Gladwell’s phone rang. It was Brigadier
Randhawa, an Indian Army officer whom he had befriended during his stint in
Delhi. The Brigadier was as blunt as ever. ‘Bob, our governments don’t give a
fuck and things will go downhill soon. I have my men ready with our families to
get to our base in Manesar. If you want, we’ll pick you and your people up.’
Gladwell thanked him and hung up.
Randhawa was a highly decorated soldier and was part of the National Security
Guard, India’s elite commando force, and if there was one place where safety
could be found, it was with him and his men.
The next thing he did was to call
the head of the Marine detachment at the Embassy.

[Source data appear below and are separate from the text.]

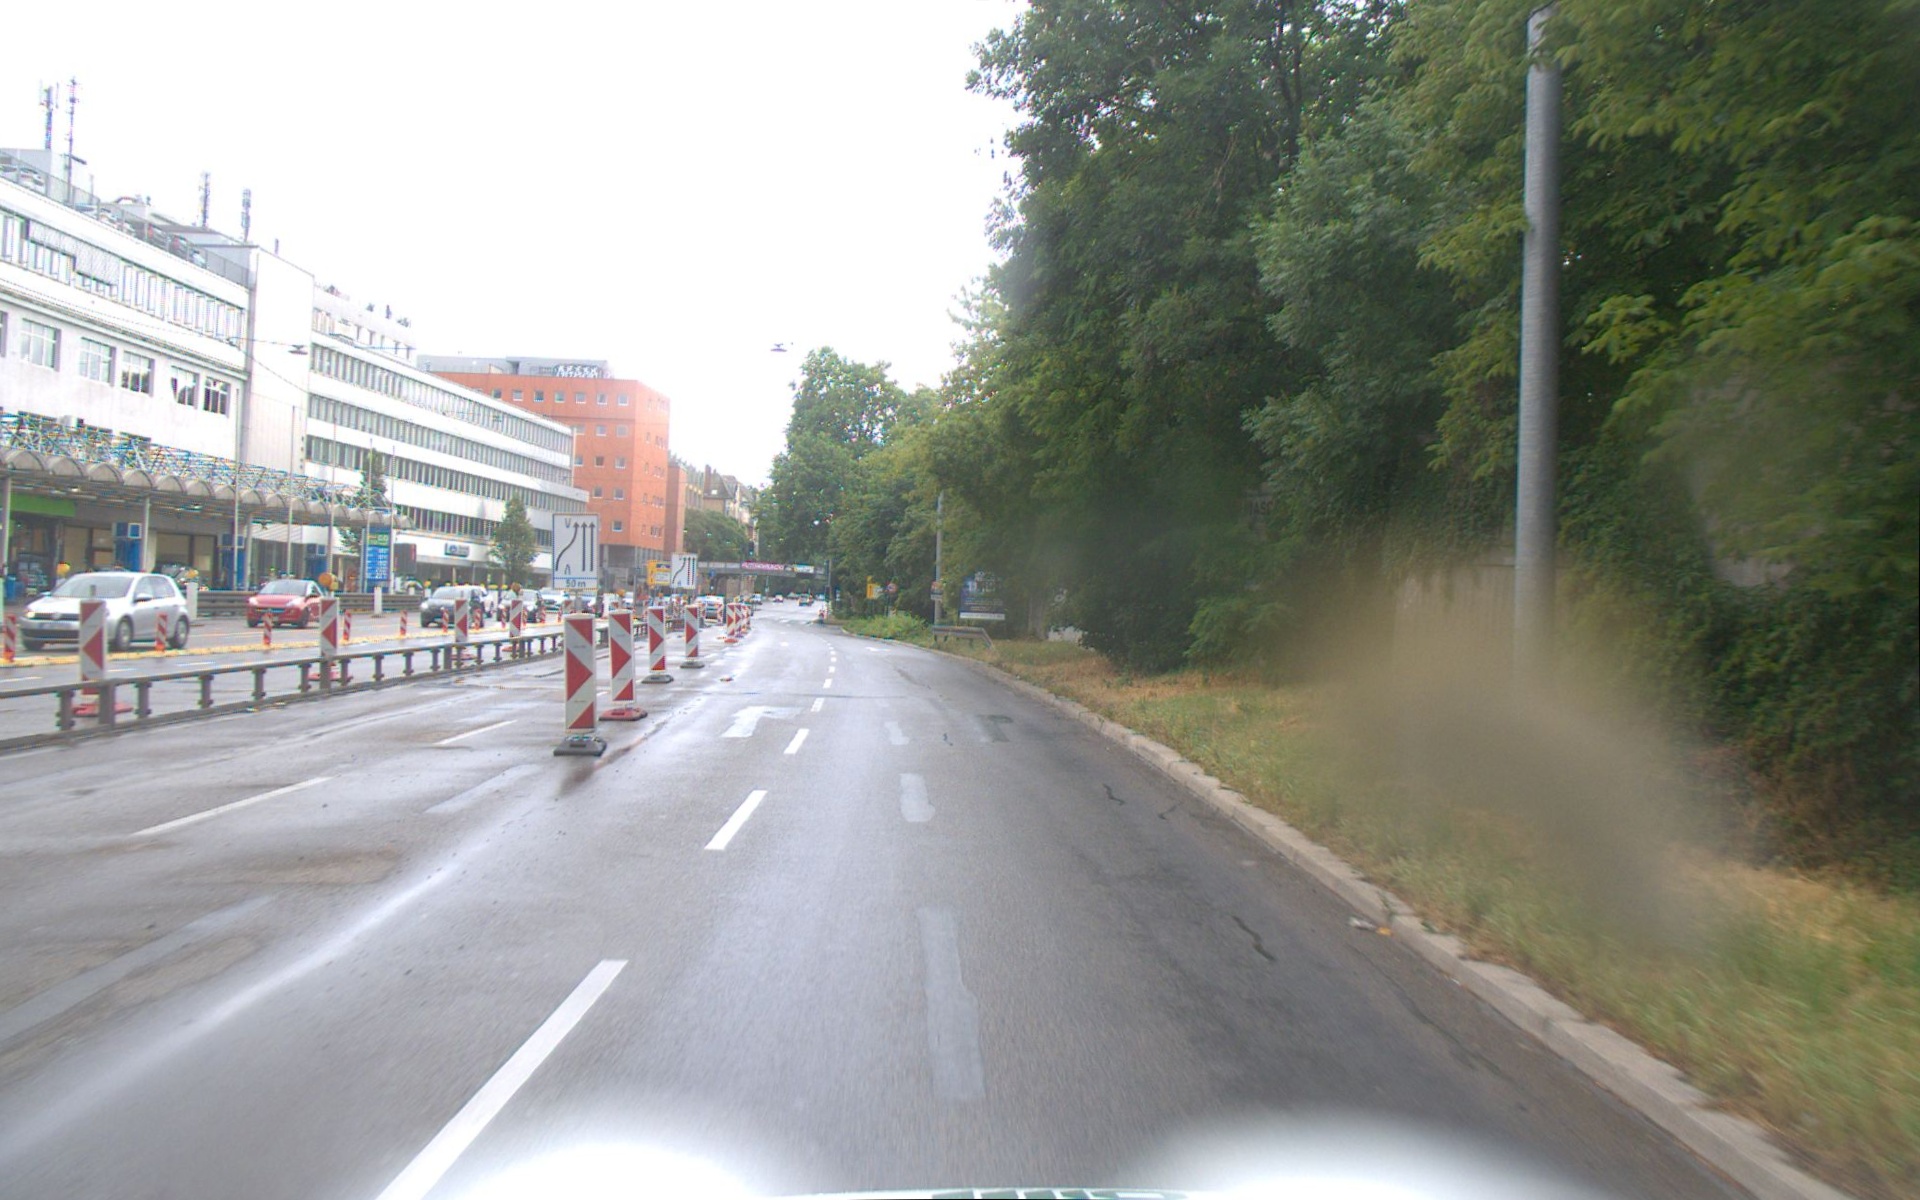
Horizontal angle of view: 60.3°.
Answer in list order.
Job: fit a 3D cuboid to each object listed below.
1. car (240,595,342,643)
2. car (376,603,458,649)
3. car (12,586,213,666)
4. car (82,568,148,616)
[{"bbox_3d":[-20.854,0.580,51.700,1.744,1.405,3.998,1,0,-3],"label":"car"},{"bbox_3d":[-18.034,0.838,55.131,1.745,1.405,3.995,1,0,-6],"label":"car"},{"bbox_3d":[-16.059,0.453,31.609,1.744,1.405,4.453,1,0,-3],"label":"car"},{"bbox_3d":[-33.386,-0.344,65.285,1.784,1.683,3.953,4,0,-34],"label":"car"}]
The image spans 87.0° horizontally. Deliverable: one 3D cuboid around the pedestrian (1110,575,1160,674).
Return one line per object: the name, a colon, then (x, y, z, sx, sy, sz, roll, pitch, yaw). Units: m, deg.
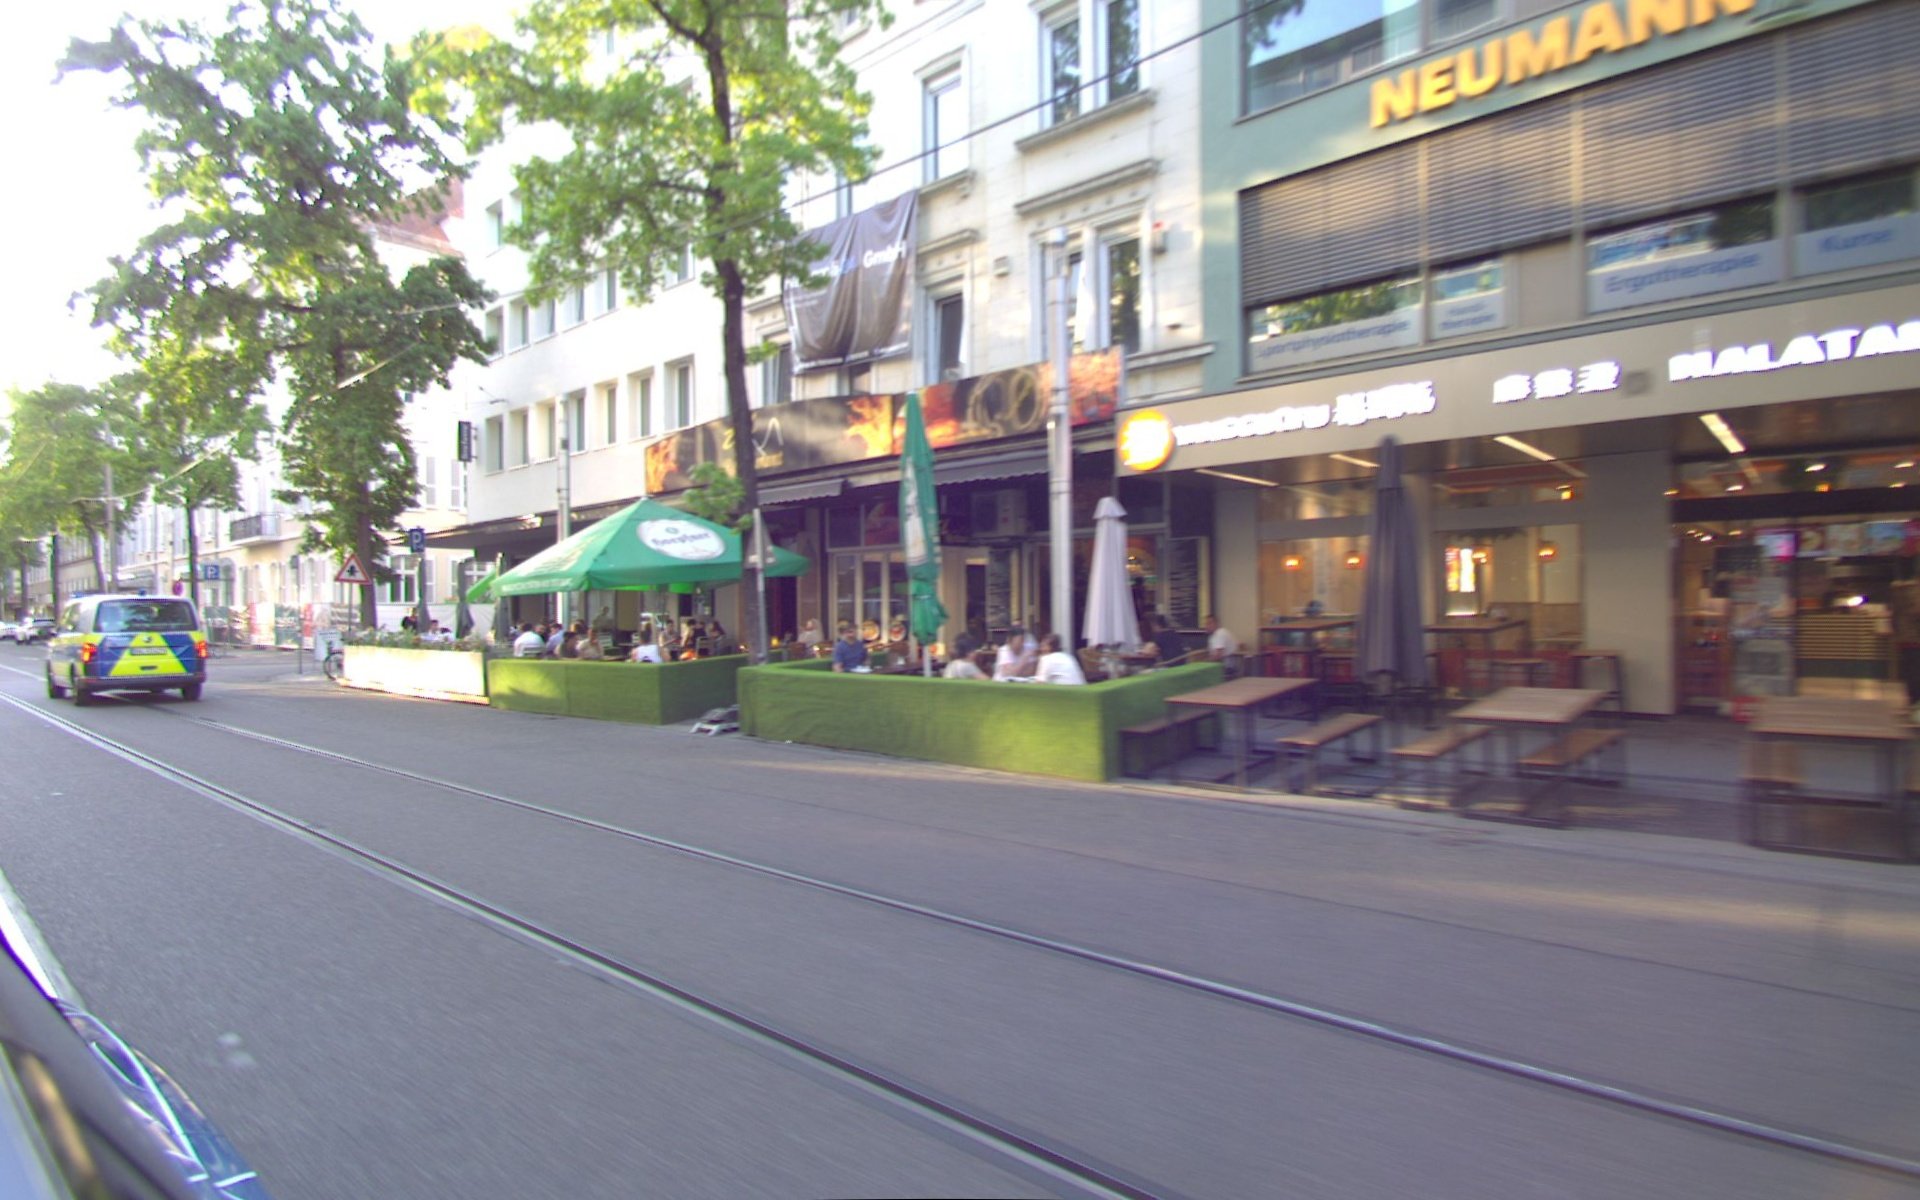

With outbreak cases reported
across India, Gladwell had already asked the Marines to be ready for any
eventuality.
The Embassy was already full of
anxious American citizens, many of them now stranded. Several international
flights had already been cancelled as authorities panicked. At first, a few had
been outraged at what was happening back in the United States, especially since
Zeus mercenaries were in charge of law and order in the US. But now everyone
had bigger things to worry about. Rumors that the first cases had been reported
in Delhi had sent everyone into a panic and Gladwell was increasingly torn
between staying at the Embassy to hold things together or getting home to be
with Jo and Jane.
He also saw with increasing
irritation that Appleseed was back at the Embassy. As a serving Army Officer,
he had every right to be there, but what irked Gladwell was the fact that he was
bringing in a gaggle of black-suited men, who were on paper US citizens in
Delhi on business trips. Again, going by the book, there was nothing Gladwell
could do to stop them, but the fact that their employer was Zeus told Gladwell
where Appleseed’s true allegiance lay and also made him even more concerned.

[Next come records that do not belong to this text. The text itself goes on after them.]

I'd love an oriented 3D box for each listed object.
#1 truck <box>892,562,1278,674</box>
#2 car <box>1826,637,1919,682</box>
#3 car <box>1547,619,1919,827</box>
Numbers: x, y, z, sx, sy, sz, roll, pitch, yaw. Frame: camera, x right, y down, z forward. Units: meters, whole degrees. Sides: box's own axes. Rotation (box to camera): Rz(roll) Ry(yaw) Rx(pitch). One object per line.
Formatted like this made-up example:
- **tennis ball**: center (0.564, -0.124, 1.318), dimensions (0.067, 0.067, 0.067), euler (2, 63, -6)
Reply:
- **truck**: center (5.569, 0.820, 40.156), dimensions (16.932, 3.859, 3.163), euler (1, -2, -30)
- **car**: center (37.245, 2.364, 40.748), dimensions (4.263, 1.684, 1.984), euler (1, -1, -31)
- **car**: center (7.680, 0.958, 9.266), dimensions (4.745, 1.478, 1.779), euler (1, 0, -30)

‘Dr. Dasgupta is here to meet
you.’
Gladwell normally would never have
entertained a meeting request at a time like this, but this lady had called
multiple times and had said that it was a life-and-death situation. He had done
background checks on her and he could not figure out what had made her so
anxious to meet him. She had recently resigned from some government-funded lab
to come back to India.
He finished a couple of emails and
then was about to tell his secretary to send his visitor up when his phone
rang. He sat down when he realized the call was from the White House. The
President had been largely invisible in the preceding days and the VP had been
the public face of the government. Remembering his last conversation with her,
Gladwell hoped that she was not too ticked off.
‘I am calling you on an urgent
national security matter that you need to know. We have been tracking a person
of interest called Protima Dasgupta who we believe to have links with terror
groups. Do not meet her or allow her access to the Embassy. We have men on the
ground who will deal with her.’
Then she hung up, leaving Gladwell
flabbergasted. He found it odd that the Vice President would call about a
matter like this, but then he also knew that he was hardly privy to all the
classified operations sometimes going on under his nose. The last thing he
wanted in the middle of all this chaos was a terror suspect loose in his
Embassy. He dialed his secretary.
‘Tell Dr. Dasgupta that I’m busy
and I cannot meet her today.’
When his mobile phone rang, it was
Jo, and she sounded terrified.
‘Bob, they’re calling these things
Biters, and I’ve got calls from friends saying they’re right in the middle of
Delhi.’
***
‘Sir, do we open fire?’
‘No, Jim, just get us home.
Randhawa asked us to link up with his convoy on the way to National Highway 8,
and we don’t have much time.’
The SUV sped through the streets
of Delhi, and not for the first time, the driver ran over a Biter who got in
the way. Under normal circumstances, Gladwell would have been horrified at the
thought of running over people in his rush to get home, but things were
anything but normal.
In the minutes following Jo’s
call, all hell seemed to have broken loose. There were rumors that Biters were
all over central Delhi, and Gladwell tried one last time to get through to his
superiors and ask them to send help, but nobody was picking up the phone. The
news was reporting that the President and Vice President had already been
evacuated and that the US mainland was now teeming with Biters. Then came the
news that tactical nuclear attacks had been launched on Indian Army targets by
Pakistan, and that India was in the process of retaliating.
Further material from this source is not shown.